---
name: schema-design
description: "Universal database schema design principles: normalization strategy, data types, primary keys, constraints, anti-patterns, and red flags. Apply when designing schemas, reviewing database architecture, or refactoring data models."
---

# Database Schema Design Principles

**"Schema design debt compounds faster than code debt.
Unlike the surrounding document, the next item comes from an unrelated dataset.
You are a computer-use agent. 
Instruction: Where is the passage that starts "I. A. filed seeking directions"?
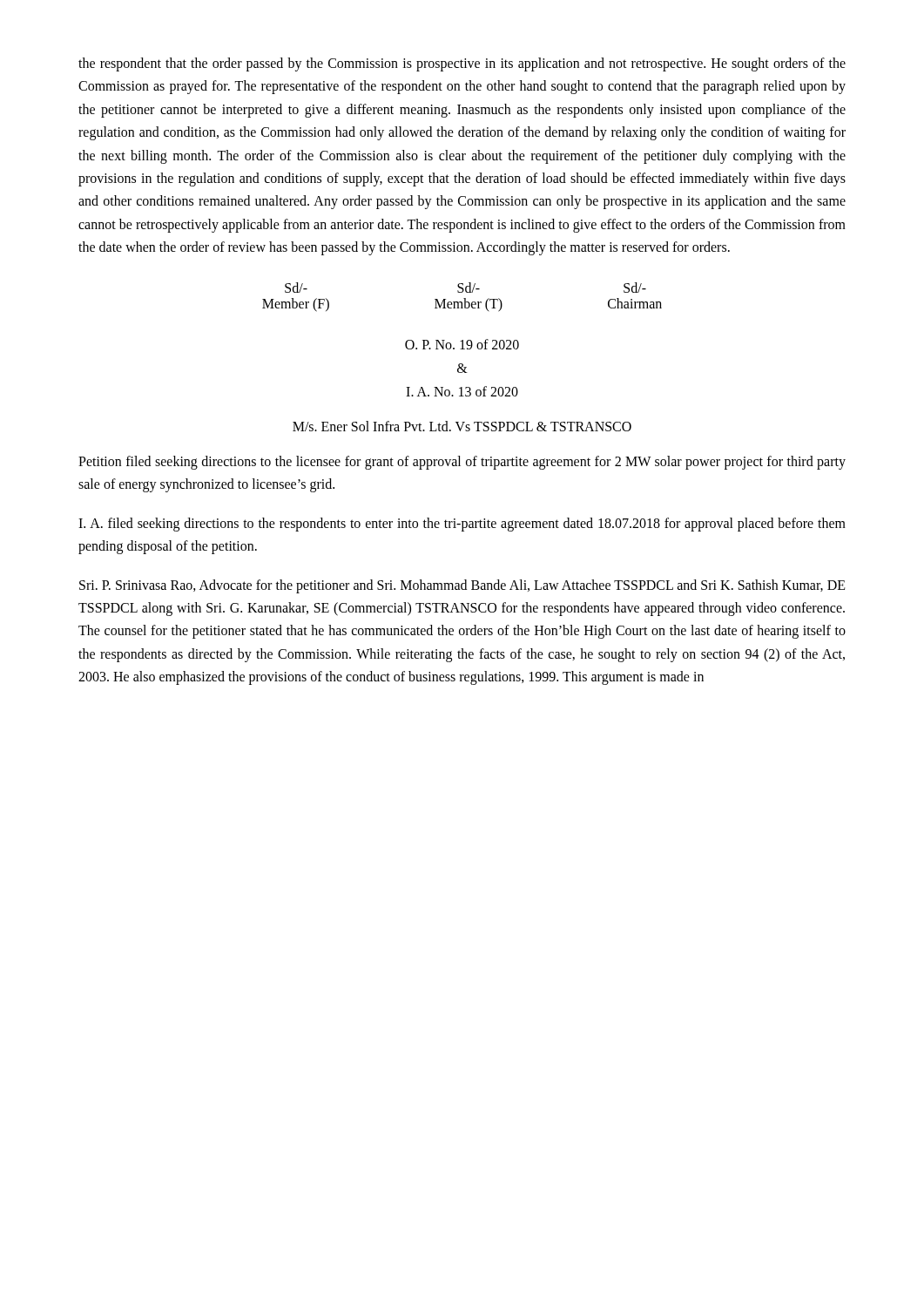point(462,535)

Fix it now or pay 10x later."**

## Foundation Principles

### Primary Keys
- Every table MUST have a primary key
- Prefer surrogate keys (auto-increment, UUIDv7) over composite natural keys
- UUIDv7 for distributed systems, auto-increment BIGINT for monoliths

### Foreign Keys
- Use FK constraints unless specific reason not to (high-volume logging, sharded DBs)
- ON DELETE: RESTRICT (safest), CASCADE (use sparingly), SET NULL (breaks audit)

### Data Types
- Choose smallest sufficient type (BIGINT vs INT = 4 bytes * rows)
- Money: DECIMAL (never FLOAT/DOUBLE)
- Dates without time: DATE not DATETIME
- Small sets: ENUM not VARCHAR

### Constraints
- NOT NULL on required columns
- UNIQUE on natural keys
- CHECK for business rules
- DEFAULT where appropriate

## Quality Checklist

### Structural Integrity
- [ ] Every table has primary key
- [ ] Foreign key constraints defined
- [ ] Appropriate data types (smallest sufficient)
- [ ] NOT NULL, UNIQUE, CHECK constraints

### Anti-Pattern Scan
- [ ] No EAV (entity-attribute-value) patterns
- [ ] No god tables (> 50 columns)
- [ ] No multi-valued fields (CSV in columns)
- [ ] No DATETIME for date-only data

### Performance
- [ ] Indexes match query patterns
- [ ] Foreign keys indexed
- [ ] Composite index column order optimized

## Decision Trees

### "Should I denormalize this?"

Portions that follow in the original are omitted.